Já os terá ouvido a transmitir mensagens importantes pelo rádio da equipa durante os Grandes Prémios e quase de certeza que já os viu nas boxes.

Falámos com a dupla para saber mais sobre o que é preciso para ser um engenheiro de corridas e como gerir a mente de um piloto de F1.

“Uma grande parte do nosso trabalho é ser o elo de ligação entre os dados que nos são fornecidos pela equipa no Campus de Tecnologia Aston Martin Racing e o piloto – decidindo que informações passamos aos pilotos, bem como quando e como as comunicar”, explica Chris.

“Há muita coisa que dizemos aos pilotos durante a corrida, que nunca se ouve na transmissão em direto”, diz Ben. “Eles só ouvem trechos do rádio da equipa e, por vezes, o contexto é totalmente diferente – mas faz parte do espetáculo e temos de o aceitar.

“Muito do que não é transmitido são coisas mundanas, como mudanças de interruptor, que podem não ser interessantes de ouvir, mas são importantes – e nós ouvimos outras equipas a discutir coisas como estas na rádio da equipa.”

“Podemos ouvir tudo o que é transmitido para os outros carros, entre os pilotos e os engenheiros”, acrescenta Chris. “Depois de um Grande Prémio, acabamos por ter um ficheiro áudio de cerca de 15 minutos de cada piloto e engenheiro de corrida, a partir do qual podemos identificar mudanças de interruptor e códigos e compreender melhor a sua abordagem e estratégia.”

O recente Grande Prémio de São Paulo, no qual Fernando Alonso conquistou o seu oitavo pódio da temporada, proporcionou uma oportunidade para ouvir como o engenheiro de corrida e o piloto trabalham em conjunto para garantir o melhor resultado possível no calor da batalha. Desde a volta 55 até ao final da corrida, Fernando e Sergio Pérez estiveram separados por menos de um segundo – com Fernando a cruzar a linha de chegada com apenas 0,053s de vantagem.

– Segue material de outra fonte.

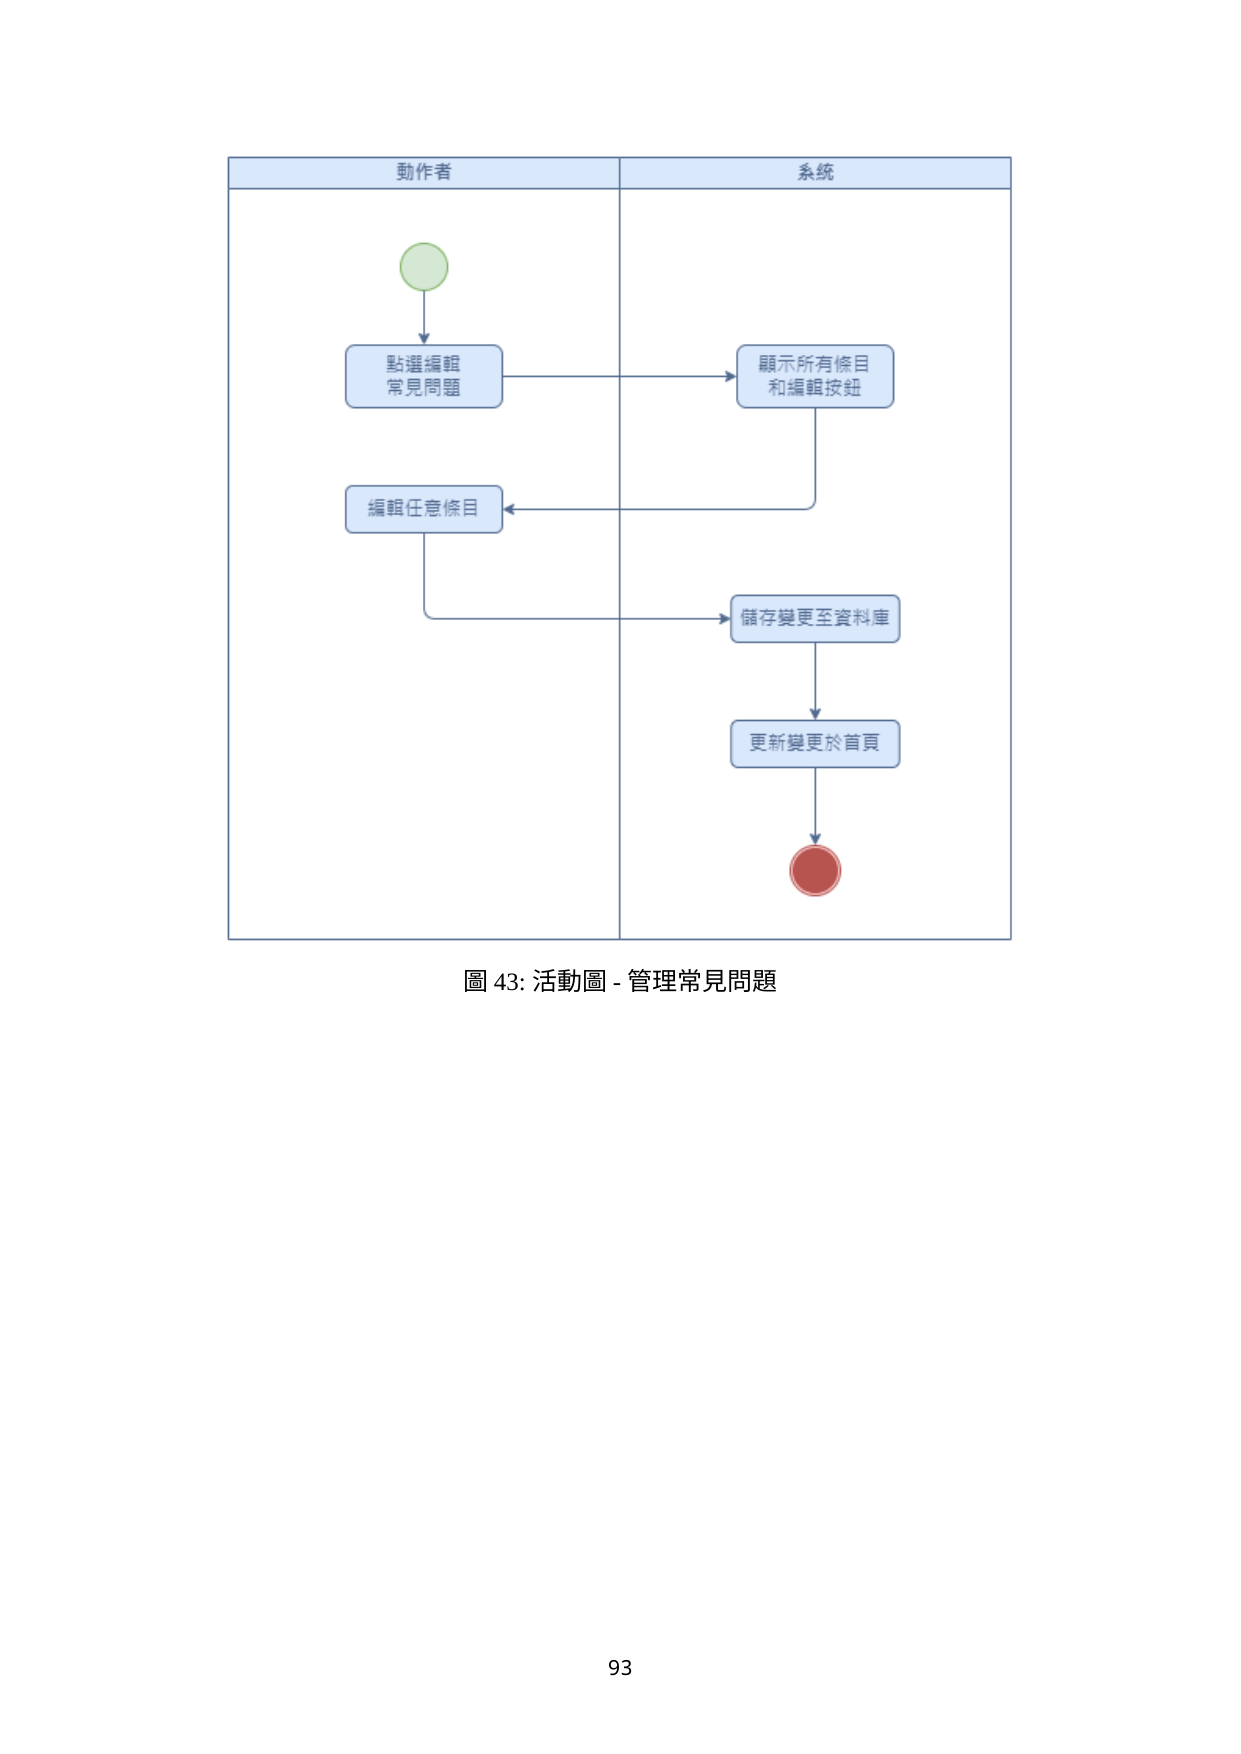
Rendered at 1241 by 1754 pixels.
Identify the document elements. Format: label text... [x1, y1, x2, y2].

text 圖 43: 活動圖 - 管理常見問題 [218, 953, 1022, 997]
picture [217, 146, 1023, 953]
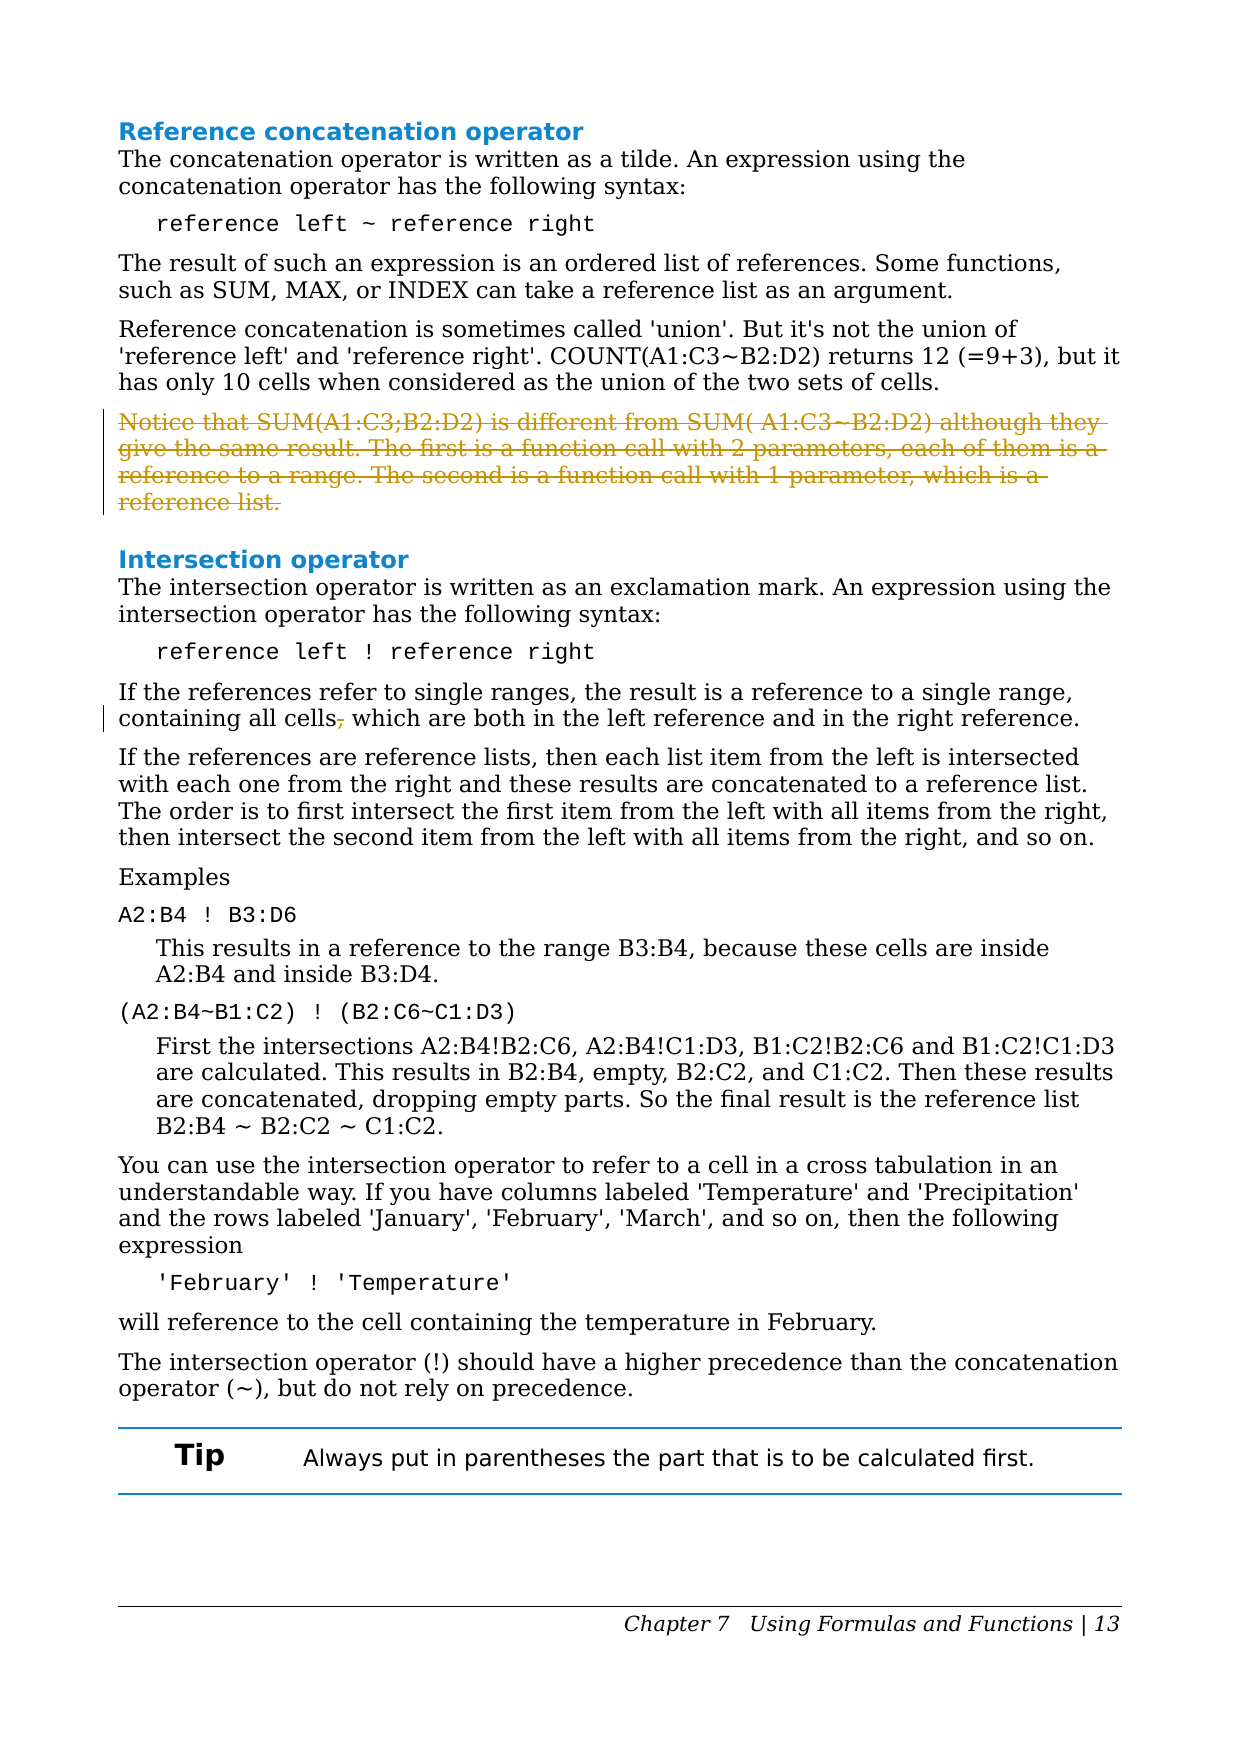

TEAM RADIO: AS ÚLTIMAS VOLTAS EM SÃO PAULO

VOLTA MENSAGEM DE POSIÇÃO DE FERNANDO

69 P3 Chris: “OK, ele está a ponto-cinco [segundos de distância], usem energia. Ponto cinco. Mais duas voltas no final desta, duas”.

70 P4 Chris: “Podes usar a energia outra vez.”

71 P4 Chris: “OK, vais ter DRS. Passa para a ‘estrato’ cinco. ‘Strat’ cinco”.

71 P3 Chris: “OK, companheiro, força e segura, força e segura; tens muita energia. Segura…”

71 P3 Cris: “Sim, pá! Conseguiste! Isso é muito bom, muito bom. Bem devagar na entrada, com muita energia. Inacreditável.”

71 P3 Fernando: “Entendido, malta. Isto é para vocês, malta. Isto é para vocês. Para todos vós na fábrica. Para toda a gente. Todos, isto é para vocês. Muito obrigado.”

Como se chega a engenheiro na F1

A formação para este trabalho não é simples. Ben e Chris ouvem os engenheiros de outras corridas e os seus pilotos para compreenderem melhor a forma como os nossos rivais comunicam, mas também ouvem o áudio entre os pilotos de caça e os seus controladores durante combates aéreos para aprenderem a comunicar com a máxima clareza e precisão.

É uma das poucas situações que é comparável à sua.

Uma comunicação eficaz assenta na confiança. A confiança, no entanto, leva tempo a construir – um luxo que nem Ben nem Lance tinham. Chris teve pouco mais de dois meses de trabalho com Fernando antes do Grande Prémio do Bahrein, que abriu a época, e Ben foi colocado no papel de engenheiro de corrida de Lance na segunda metade da época de 2021.

“Os primeiros três a seis meses de construção da relação e da compreensão entre vocês, descobrindo como se podem ajudar mutuamente para fazer o melhor trabalho possível, é um dos períodos mais desafiantes”, diz Chris.

“Estamos a tentar, o mais rapidamente possível, chegar a um ponto em que só lhes damos informações que realmente os vão ajudar, que vão fazer a diferença – que os vão fazer andar mais depressa. Há muitas coisas periféricas que um piloto pode pensar que precisa de saber, mas não precisa. Isso apenas dilui a informação em que se deve concentrar”.

A experiência ajuda a acelerar este processo. Fernando juntou-se à equipa como o piloto mais experiente da grelha – um duplo Campeão do Mundo e veterano de 355 Grandes Prémios – e isso ajudou-o a começar a trabalhar com o Chris.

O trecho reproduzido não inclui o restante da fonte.